··· AVAILABLE DATA ···
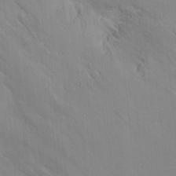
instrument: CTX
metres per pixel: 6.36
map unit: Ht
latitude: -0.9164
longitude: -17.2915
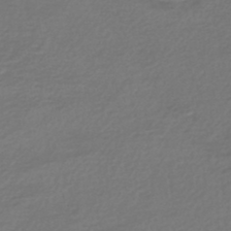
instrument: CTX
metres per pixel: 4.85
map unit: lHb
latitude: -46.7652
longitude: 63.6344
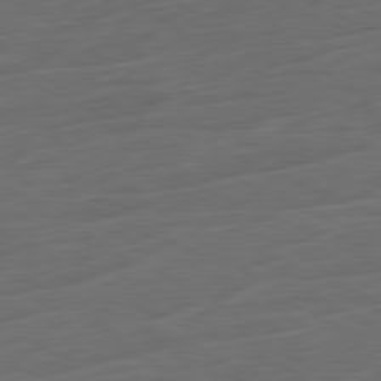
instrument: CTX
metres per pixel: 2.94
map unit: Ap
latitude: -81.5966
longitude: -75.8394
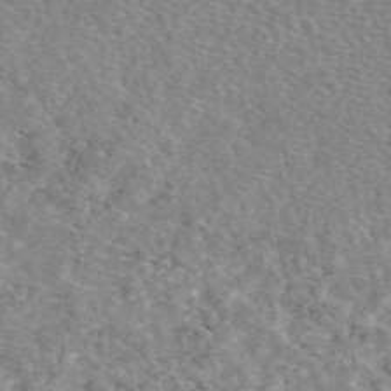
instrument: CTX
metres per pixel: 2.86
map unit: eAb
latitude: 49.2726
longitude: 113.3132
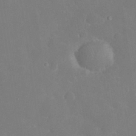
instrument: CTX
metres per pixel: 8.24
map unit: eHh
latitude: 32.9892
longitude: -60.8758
···
··· AVAILABLE DATA ···
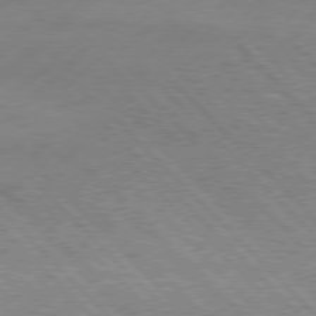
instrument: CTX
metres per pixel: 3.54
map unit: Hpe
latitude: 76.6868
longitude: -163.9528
···
§ **WHAT YOU WILL DO**
All lines in the records that contain "metres" are to be copied and returned.

§ **SOLUTION TO THE EXERCISE**
metres per pixel: 6.36
metres per pixel: 4.85
metres per pixel: 2.94
metres per pixel: 2.86
metres per pixel: 8.24
metres per pixel: 3.54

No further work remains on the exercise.